Ледяная рука, сжавшая сердце. Полицейский продолжал:
— Он воспользовался той телефонной линией, которую вы недавно открыли. Той, к которой подключен ваш модем. Наши специалисты в этом совершенно уверены. Автор послания воспользовался вашим компьютером. И вашим собственным почтовым ящиком. Чтобы войти в него, пароль нужен?
— Нет.
— Вас ведь не было дома в пятнадцать десять? Хадиджа стала объяснять ему, что была на съемках, но собственный голос доходил до нее откуда-то издалека. Она чувствовала, как все ее тело наливается тяжестью, в животе возникла какая-то пустота.
— Сомнений быть не может: это Реверди, — продолжал Мишель. — Это в его стиле. Эдакий вызов. Он хочет показать вам, что может легко проникнуть в вашу квартиру. Я отправил людей следить за вашей дверью. Они вот-вот прибудут. И с ними техники: надо поставить телефон на прослушку. Немедленно.
Не кладя трубку, она на ощупь нашла выключатель лампы возле изголовья постели. Когда вспыхнул свет, она с удивлением увидела, что в комнате все в порядке, все на своих местах. Ее окружала действительность, привычная, надежная.
— Хотите, чтобы я тоже приехал?
Его голос звучал серьезно и в то же время нежно, это напомнило ей о маленьком смятом букетике. Из чистой жестокости она заставила его повторить этот вопрос:
— Что
Жан-Кристоф Гранже
— Хотите, чтобы я приехал? Я хочу сказать… я сам?
— Нет.
Она поклялась себе, что не будет бояться.
Очень старая клятва. Ее личная.
Она встала, натянула джинсы и отошла от спартанского ложа, служившего ей постелью, — простого матраса на полу, возле кухонной стойки. Она занялась делом, начала убирать. Стоило ей остановиться, как из всех углов до нее начинали доноситься разные тихие звуки, полные страшного смысла.

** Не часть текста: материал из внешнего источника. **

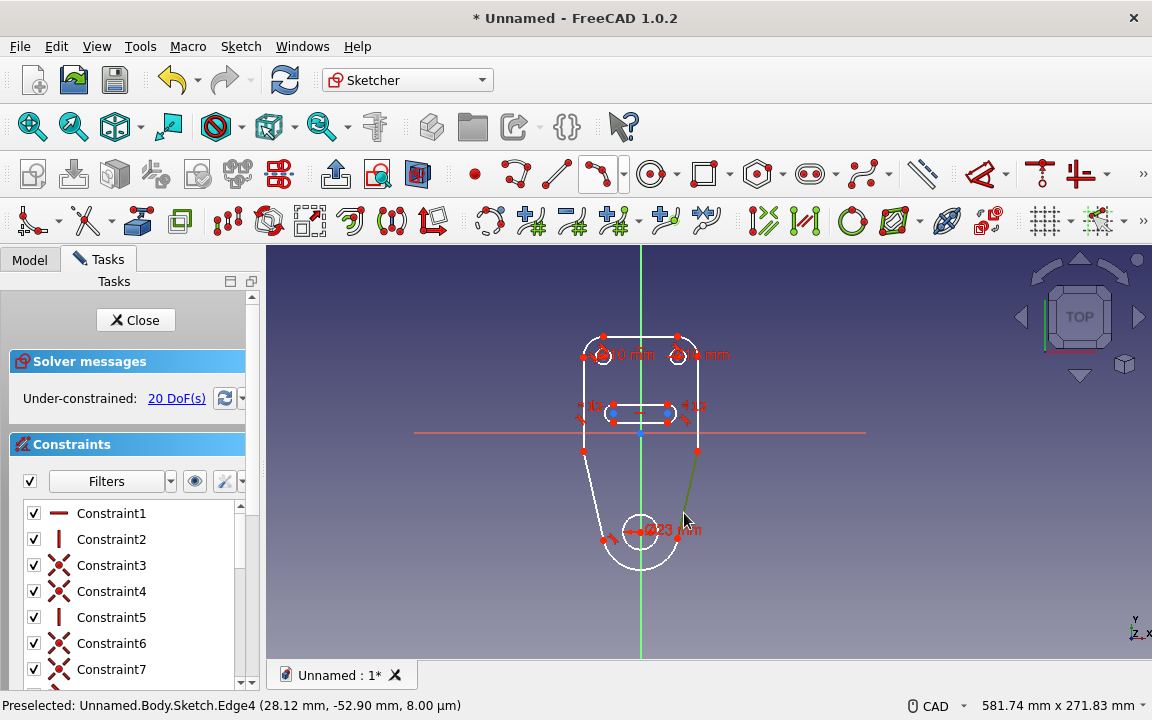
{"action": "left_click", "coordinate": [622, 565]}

Жак Реверди приходил сюда.
Внезапно она остановилась: а вдруг он еще здесь? Ей показалось, что сердце полетело вниз, цепляясь за ребра. Она снова принялась раскладывать все по местам, стараясь производить как можно больше шума, как в детстве, когда оставалась одна дома и хлопала дверьми, включала на полную мощность телевизор, чтобы отогнать тени…
Конечно, никого здесь нет.
Ей показалось, что тишина снова пытается напугать ее. Треск. Стон. Шорох. Она остановилась перед окнами, затянутыми белой тканью. А вдруг он во дворе? Вдруг он подсматривает за ней через щель между шторами?
Хадиджа схватила свою связку ключей, нашла в шкафчике возле счетчика электрический фонарь и, не раздумывая, вышла во двор босиком, в джинсах и футболке.
Луч света дрожал перед ней. Удары сердца сотрясали грудную клетку. Она пошла по двору. Она думала о Марке. Теперь она не может его бросить. Теперь точно не может. Она хотела оставить его на милость его собственного безумия, но если Реверди жив, значит, Марк не безумен: он просто прозорлив.
В здании напротив не светилось ни одно окно. Она посветила фонариком влево, в сторону двери. Никого. До нее доносился только далекий шум уличного движения, но в Париже он никогда не затихает. И запах города, кисловатый, нечистый, но более мягкий, более легкий в это время — запах сонного дыхания.